Anac estuda tolerância zero para passageiros indisciplinados, com proibição temporária de embarque e regras para punir brigas a bordo

Proposta da Anac avalia regras de tolerância zero, com suspensão temporária de embarque e autorização para companhias aplicarem sanções a passageiros que causarem tumulto

A Agência Nacional de Aviação Civil estuda criar regras de tolerância zero Anac para passageiros indisciplinados, com o objetivo de reduzir brigas, agressões e recusas a seguir instruções de tripulação.

O regulamento em análise prevê medidas punitivas, entre elas a suspensão temporária de embarque, que impediria o passageiro infrator de voar por período determinado, segundo declarações do diretor-presidente Tiago Faierstein.

A proposta ainda depende de regulamentação específica da agência e passa por análise jurídica para não ferir direitos, conforme informação divulgada pelo g1.

O que a nova regulamentação pode trazer

A Anac pretende permitir que as companhias aéreas apliquem sanções administrativas a passageiros que colocarem em risco a segurança ou a ordem a bordo, com instrumentos para coibir comportamentos agressivos e tumultuados.

Em entrevista coletiva, Tiago Faierstein disse, “O que a Anac vai fazer é uma nova regulamentação.

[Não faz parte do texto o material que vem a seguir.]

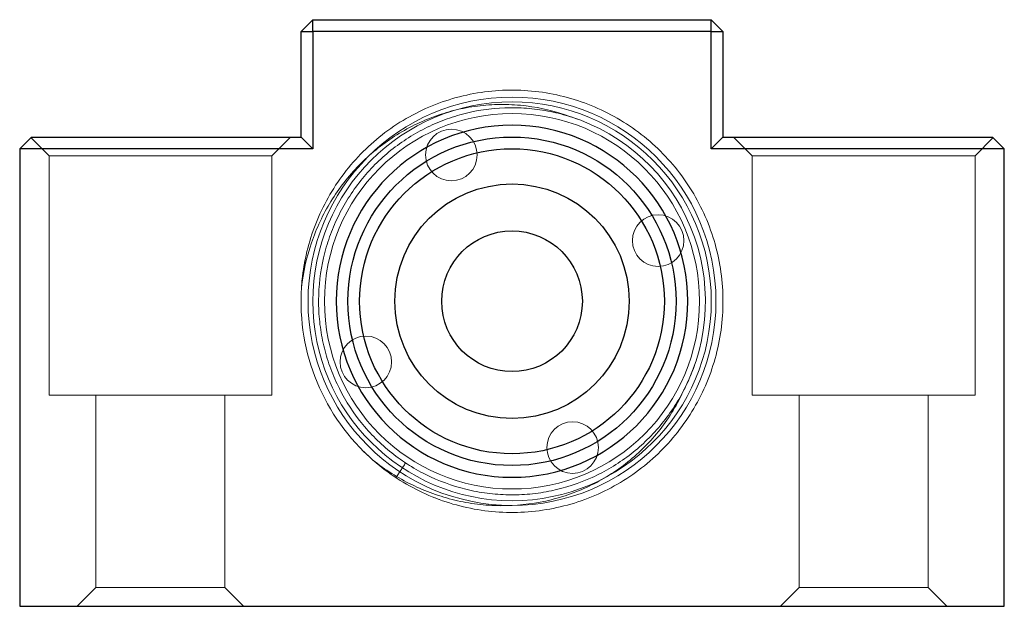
# Model space of a CAD drawing. Header units: millimetres. Extents: x 7091 to 7215, y 7622 to 7745.
# Tile 1 of 4: x 7091 to 7133, y 7672 to 7697. Entities that reach past the tile are written whole.
import ezdxf
from ezdxf.lldxf.tags import DXFTag

# ---------------------------------------------------------------- set-up
doc = ezdxf.new("R2010")
doc.units = ezdxf.units.MM
doc.layers.add('1', color=7, linetype='CONTINUOUS', true_color=0xffffff)
tags = doc.linetypes.add('DASHED', pattern=[25.72, 12.86, -12.86]).pattern_tags.tags
tags[6:7] = [DXFTag(74, 4), DXFTag(75, 0), DXFTag(340, '0'), DXFTag(46, 0.0), DXFTag(50, 0.0), DXFTag(44, 0.0), DXFTag(45, 0.0)]
tags[4:5] = [DXFTag(74, 4), DXFTag(75, 0), DXFTag(340, '0'), DXFTag(46, 0.0), DXFTag(50, 0.0), DXFTag(44, 0.0), DXFTag(45, 0.0)]

msp = doc.modelspace()

# ---------------------------------------------------------------- linework, layer by layer
at = {"layer": '1', "color": 7, "linetype": 'Continuous'}
for p, q in [((7103.456, 7696.315), (7103.956, 7696.815)), ((7103.956, 7696.815), (7120.956, 7696.815)), ((7103.956, 7696.315), (7103.956, 7696.815)), ((7120.956, 7696.815), (7121.456, 7696.315)), ((7120.956, 7696.315), (7120.956, 7696.815)), ((7103.456, 7696.315), (7103.956, 7696.315)), ((7103.456, 7691.815), (7103.456, 7696.315)), ((7120.956, 7696.315), (7103.956, 7696.315)), ((7103.956, 7696.315), (7103.956, 7691.315)), ((7120.956, 7696.315), (7121.456, 7696.315)), ((7120.956, 7691.315), (7120.956, 7696.315)), ((7121.456, 7696.315), (7121.456, 7691.815)), ((7091.456, 7691.315), (7091.956, 7691.815)), ((7091.956, 7691.815), (7103.456, 7691.815)), ((7103.956, 7691.315), (7103.456, 7691.815)), ((7120.956, 7691.315), (7121.456, 7691.815)), ((7121.456, 7691.815), (7132.956, 7691.815)), ((7132.956, 7691.815), (7133.456, 7691.315)), ((7103.956, 7691.315), (7091.456, 7691.315)), ((7091.456, 7691.315), (7091.456, 7671.815)), ((7133.456, 7691.315), (7120.956, 7691.315)), ((7133.456, 7671.815), (7133.456, 7691.315)), ((7091.456, 7671.815), (7133.456, 7671.815))]:
    msp.add_line(p, q, dxfattribs=at)
at = {"layer": '1', "color": 252, "linetype": 'DASHED', "lineweight": 5}
for p, q in [((7091.931, 7691.79), (7092.706, 7691.015)), ((7102.206, 7691.015), (7103.006, 7691.815)), ((7121.906, 7691.815), (7122.706, 7691.015)), ((7132.206, 7691.015), (7132.981, 7691.79)), ((7092.706, 7691.015), (7092.706, 7680.815)), ((7092.706, 7691.015), (7102.206, 7691.015)), ((7102.206, 7680.815), (7102.206, 7691.015)), ((7122.706, 7691.015), (7122.706, 7680.815)), ((7122.706, 7691.015), (7132.206, 7691.015)), ((7132.206, 7680.815), (7132.206, 7691.015)), ((7092.706, 7680.815), (7102.206, 7680.815)), ((7094.706, 7680.815), (7094.706, 7672.615)), ((7100.206, 7672.615), (7100.206, 7680.815)), ((7122.706, 7680.815), (7132.206, 7680.815)), ((7124.706, 7680.815), (7124.706, 7672.615)), ((7130.206, 7672.615), (7130.206, 7680.815)), ((7094.706, 7672.615), (7093.906, 7671.815)), ((7094.706, 7672.615), (7097.456, 7672.615)), ((7097.456, 7672.615), (7100.206, 7672.615)), ((7101.006, 7671.815), (7100.206, 7672.615)), ((7124.706, 7672.615), (7123.906, 7671.815)), ((7124.706, 7672.615), (7127.456, 7672.615)), ((7127.456, 7672.615), (7130.206, 7672.615)), ((7131.006, 7671.815), (7130.206, 7672.615))]:
    msp.add_line(p, q, dxfattribs=at)
at = {"layer": '1', "color": 252, "linetype": 'DASHED', "lineweight": 5, "extrusion": (0, 0, -1)}
for centre, radius in [((-7112.456, 7684.815), 8.7), ((-7109.87, 7691.05), 1.1), ((-7118.691, 7687.401), 1.1), ((-7106.22, 7682.23), 1.1), ((-7115.041, 7678.58), 1.1)]:
    msp.add_circle(centre, radius, dxfattribs=at)
at = {"layer": '1', "color": 252, "linetype": 'DASHED', "lineweight": 5}
for radius in [8.5, 8]:
    msp.add_circle((7112.456, 7684.815), radius, dxfattribs=at)
at = {"layer": '1', "color": 7, "linetype": 'Continuous', "extrusion": (6.12303e-17, 6.12303e-17, -1)}
msp.add_circle((-7112.456, 7684.815), 7.5, dxfattribs=at)
at = {"layer": '1', "color": 7, "linetype": 'Continuous'}
for radius in [7, 6.5, 5, 3]:
    msp.add_circle((7112.456, 7684.815), radius, dxfattribs=at)
at = {"layer": '1', "color": 252, "linetype": 'DASHED', "lineweight": 5, "extrusion": (0, 0, -1)}
for radius, start, end in [(8.25, 107.6576, 207.297), (9, 311.2196, 3.735)]:
    msp.add_arc((-7112.456, 7684.815), radius, start, end, dxfattribs=at)
at = {"layer": '1', "color": 252, "linetype": 'DASHED', "lineweight": 5}
for points, knots in [([(7103.475, 7685.402), (7103.502, 7685.817), (7103.557, 7686.227), (7103.724, 7687.035), (7103.835, 7687.435), (7104.252, 7688.609), (7104.631, 7689.338), (7105.346, 7690.35), (7105.611, 7690.674), (7106.174, 7691.274), (7106.475, 7691.553), (7107.114, 7692.07), (7107.454, 7692.309), (7108.165, 7692.737), (7108.531, 7692.925), (7109.285, 7693.248), (7109.673, 7693.384), (7110.471, 7693.604), (7110.88, 7693.686), (7111.696, 7693.793), (7112.105, 7693.818), (7112.928, 7693.812), (7113.344, 7693.781), (7114.573, 7693.602), (7115.361, 7693.374), (7116.497, 7692.867), (7116.865, 7692.672), (7117.562, 7692.238), (7117.895, 7691.997), (7118.528, 7691.471), (7118.83, 7691.182), (7119.387, 7690.571), (7119.642, 7690.249), (7120.107, 7689.572), (7120.316, 7689.218), (7120.688, 7688.475), (7120.848, 7688.093), (7121.111, 7687.315), (7121.216, 7686.918), (7121.372, 7686.108), (7121.422, 7685.693), (7121.486, 7684.457), (7121.417, 7683.638), (7121.049, 7682.015), (7120.759, 7681.247), (7120.168, 7680.159), (7119.944, 7679.806), (7119.455, 7679.142), (7119.189, 7678.829), (7118.616, 7678.241), (7118.307, 7677.965), (7117.651, 7677.455), (7117.309, 7677.225), (7116.598, 7676.815), (7116.229, 7676.634), (7115.464, 7676.323), (7115.066, 7676.192), (7114.268, 7675.99), (7113.864, 7675.917), (7113.048, 7675.825), (7112.632, 7675.807), (7111.389, 7675.84), (7110.579, 7675.974), (7109.393, 7676.342), (7109.004, 7676.493), (7108.259, 7676.843), (7107.901, 7677.042), (7107.211, 7677.49), (7106.877, 7677.74), (7106.416, 7678.14), (7106.272, 7678.273), (7106.134, 7678.41)], [0, 0, 0, 0, 0.025333, 0.025333, 0.050666, 0.050666, 0.101333, 0.101333, 0.126666, 0.126666, 0.151999, 0.151999, 0.177332, 0.177332, 0.202665, 0.202665, 0.227998, 0.227998, 0.253331, 0.253331, 0.278664, 0.278664, 0.303998, 0.303998, 0.354664, 0.354664, 0.379997, 0.379997, 0.40533, 0.40533, 0.430663, 0.430663, 0.455996, 0.455996, 0.481329, 0.481329, 0.506663, 0.506663, 0.531996, 0.531996, 0.557329, 0.557329, 0.607995, 0.607995, 0.658661, 0.658661, 0.683995, 0.683995, 0.709328, 0.709328, 0.734661, 0.734661, 0.759994, 0.759994, 0.785327, 0.785327, 0.81066, 0.81066, 0.835993, 0.835993, 0.861326, 0.861326, 0.911993, 0.911993, 0.937326, 0.937326, 0.962659, 0.962659, 0.987992, 0.987992, 1, 1, 1, 1]), ([(7114.958, 7692.677), (7114.343, 7692.907), (7113.71, 7693.061), (7112.734, 7693.181), (7112.405, 7693.201), (7111.752, 7693.204), (7111.427, 7693.187), (7110.778, 7693.114), (7110.453, 7693.058), (7109.815, 7692.91), (7109.503, 7692.818), (7108.891, 7692.599), (7108.592, 7692.473), (7108.007, 7692.185), (7107.72, 7692.023), (7106.895, 7691.492), (7106.392, 7691.082), (7105.708, 7690.382), (7105.491, 7690.134), (7105.089, 7689.618), (7104.904, 7689.351), (7104.564, 7688.798), (7104.41, 7688.513), (7104.131, 7687.923), (7104.007, 7687.617), (7103.69, 7686.688), (7103.547, 7686.053), (7103.475, 7685.402)], [0, 0, 0, 0, 0.125, 0.125, 0.1875, 0.1875, 0.25, 0.25, 0.3125, 0.3125, 0.375, 0.375, 0.4375, 0.4375, 0.5, 0.5, 0.625, 0.625, 0.6875, 0.6875, 0.75, 0.75, 0.8125, 0.8125, 0.875, 0.875, 1, 1, 1, 1]), ([(7119.787, 7681.032), (7119.507, 7680.489), (7119.169, 7679.982), (7118.576, 7679.275), (7118.364, 7679.049), (7117.921, 7678.628), (7117.69, 7678.431), (7117.204, 7678.062), (7116.951, 7677.891), (7116.423, 7677.575), (7116.149, 7677.432), (7115.315, 7677.052), (7114.736, 7676.863), (7113.833, 7676.675), (7113.527, 7676.629), (7112.918, 7676.573), (7112.613, 7676.561), (7112.004, 7676.572), (7111.7, 7676.594), (7111.09, 7676.673), (7110.786, 7676.73), (7109.895, 7676.949), (7109.323, 7677.159), (7108.499, 7677.57), (7108.229, 7677.723), (7107.716, 7678.056), (7107.47, 7678.235), (7106.998, 7678.621), (7106.773, 7678.827), (7106.343, 7679.266), (7106.139, 7679.499), (7105.575, 7680.223), (7105.255, 7680.742), (7104.862, 7681.575), (7104.746, 7681.863), (7104.548, 7682.442), (7104.466, 7682.735), (7104.335, 7683.33), (7104.285, 7683.632), (7104.22, 7684.242), (7104.204, 7684.552), (7104.209, 7685.47), (7104.279, 7686.075), (7104.487, 7686.972), (7104.573, 7687.27), (7104.777, 7687.847), (7104.894, 7688.128), (7105.159, 7688.677), (7105.306, 7688.944), (7105.633, 7689.463), (7105.812, 7689.716), (7106.385, 7690.435), (7106.814, 7690.866), (7107.532, 7691.442), (7107.784, 7691.622), (7108.302, 7691.95), (7108.568, 7692.098), (7109.116, 7692.365), (7109.397, 7692.483), (7109.974, 7692.689), (7110.272, 7692.777), (7111.167, 7692.987), (7111.772, 7693.06), (7112.69, 7693.068), (7113, 7693.053), (7113.61, 7692.99), (7113.912, 7692.942), (7114.507, 7692.812), (7114.801, 7692.731), (7115.144, 7692.615), (7115.197, 7692.597), (7115.251, 7692.577)], [0, 0, 0, 0, 0.048563, 0.048563, 0.072844, 0.072844, 0.097125, 0.097125, 0.121406, 0.121406, 0.145688, 0.145688, 0.19425, 0.19425, 0.218531, 0.218531, 0.242813, 0.242813, 0.267094, 0.267094, 0.291375, 0.291375, 0.339938, 0.339938, 0.364219, 0.364219, 0.3885, 0.3885, 0.412782, 0.412782, 0.437063, 0.437063, 0.485625, 0.485625, 0.509907, 0.509907, 0.534188, 0.534188, 0.558469, 0.558469, 0.582751, 0.582751, 0.631313, 0.631313, 0.655594, 0.655594, 0.679876, 0.679876, 0.704157, 0.704157, 0.728438, 0.728438, 0.777001, 0.777001, 0.801282, 0.801282, 0.825563, 0.825563, 0.849845, 0.849845, 0.874126, 0.874126, 0.922688, 0.922688, 0.94697, 0.94697, 0.971251, 0.971251, 0.995532, 0.995532, 1, 1, 1, 1]), ([(7103.473, 7685.381), (7103.482, 7685.509), (7103.492, 7685.638), (7103.535, 7686.043), (7103.578, 7686.318), (7103.632, 7686.59)], [0, 0, 0, 0, 0.315041, 0.315041, 1, 1, 1, 1]), ([(7120.237, 7682.073), (7120.16, 7681.854), (7120.073, 7681.639), (7119.9, 7681.254), (7119.815, 7681.081), (7119.724, 7680.912)], [0, 0, 0, 0, 0.549133, 0.549133, 1, 1, 1, 1]), ([(7106.525, 7678.046), (7107.038, 7677.636), (7107.589, 7677.287), (7108.474, 7676.855), (7108.777, 7676.728), (7109.39, 7676.508), (7109.701, 7676.416), (7110.332, 7676.266), (7110.652, 7676.208), (7111.303, 7676.128), (7111.632, 7676.107), (7112.608, 7676.097), (7113.254, 7676.163), (7114.213, 7676.372), (7114.531, 7676.461), (7115.147, 7676.672), (7115.448, 7676.794), (7116.034, 7677.073), (7116.32, 7677.229), (7116.875, 7677.576), (7117.145, 7677.766), (7117.908, 7678.376), (7118.365, 7678.837), (7118.971, 7679.612), (7119.158, 7679.883), (7119.498, 7680.443), (7119.651, 7680.732), (7119.787, 7681.032)], [0, 0, 0, 0, 0.125, 0.125, 0.1875, 0.1875, 0.25, 0.25, 0.3125, 0.3125, 0.375, 0.375, 0.5, 0.5, 0.5625, 0.5625, 0.625, 0.625, 0.6875, 0.6875, 0.75, 0.75, 0.875, 0.875, 0.9375, 0.9375, 1, 1, 1, 1])]:
    msp.add_open_spline(points, degree=3, knots=knots, dxfattribs=at)
for points, degree in [([(7107.504, 7677.3), (7107.917, 7677.926)], 1), ([(7108.244, 7677.721), (7108.134, 7677.787), (7108.025, 7677.855), (7107.917, 7677.926)], 3), ([(7109.367, 7676.362), (7109.285, 7676.392), (7109.203, 7676.423), (7109.122, 7676.455)], 3)]:
    msp.add_open_spline(points, degree=degree, dxfattribs=at)

doc.saveas('drawing.dxf')

A gente vai, por exemplo, permitir que as companhias aéreas possam punir esses passageiros. De que modo isso se dará ainda está sendo construído. Pode ser que a pessoa não possa viajar mais, que tenha uma restrição para embarcar em aeronaves”, afirmando que detalhes estão em elaboração, conforme informação divulgada pelo g1.

Faierstein também afirmou que não há data definida para a conclusão do regulamento, mas que a expectativa é finalizar o processo ainda no primeiro semestre deste ano, conforme informação divulgada pelo g1.

Direito de ir e vir, análise jurídica e limites

O tema levanta dúvidas sobre a compatibilidade das medidas com o direito constitucional de ir e vir, por isso a Anac submeteu o projeto à sua procuradoria para avaliar limites e garantias legais.

Segundo Faierstein, “Por isso que eu falei que essas regras estão sendo estudadas, inclusive com a nossa procuradoria, para que a gente não interfira no direito de ir e vir. Estamos avaliando com cuidado para fazer uma regulamentação que seja efetiva, mas que não fira outras leis ou normas”, conforme informação divulgada pelo g1.

Caso em Brasília reacende debate sobre tolerância zero Anac

O debate ganhou força após um episódio no Aeroporto de Brasília, quando a Polícia Federal retirou um homem de um avião depois que ele se recusou a colocar o celular em modo avião.

Testemunhas relataram que o passageiro respondeu que não colocaria o aparelho em modo avião, dizendo “nem se o avião caísse”. Tripulantes pediram que ele mostrasse o celular e, diante da recusa e da resistência em deixar a aeronave, a Polícia Federal foi acionada.

Imagens do embarque mostram a negociação e a intervenção da tripulação, com um funcionário dizendo, “Indisciplina do senhor”, e o passageiro respondendo, “Vocês vão ter que provar isso. Você sabe que vai entrar um processo judicial”, conforme informação divulgada pelo g1.

O episódio ilustra os motivos que levam a Anac a discutir a adoção de uma política de tolerância zero, e mostra o desafio de conciliar segurança, ordem a bordo e direitos individuais na regulação do transporte aéreo.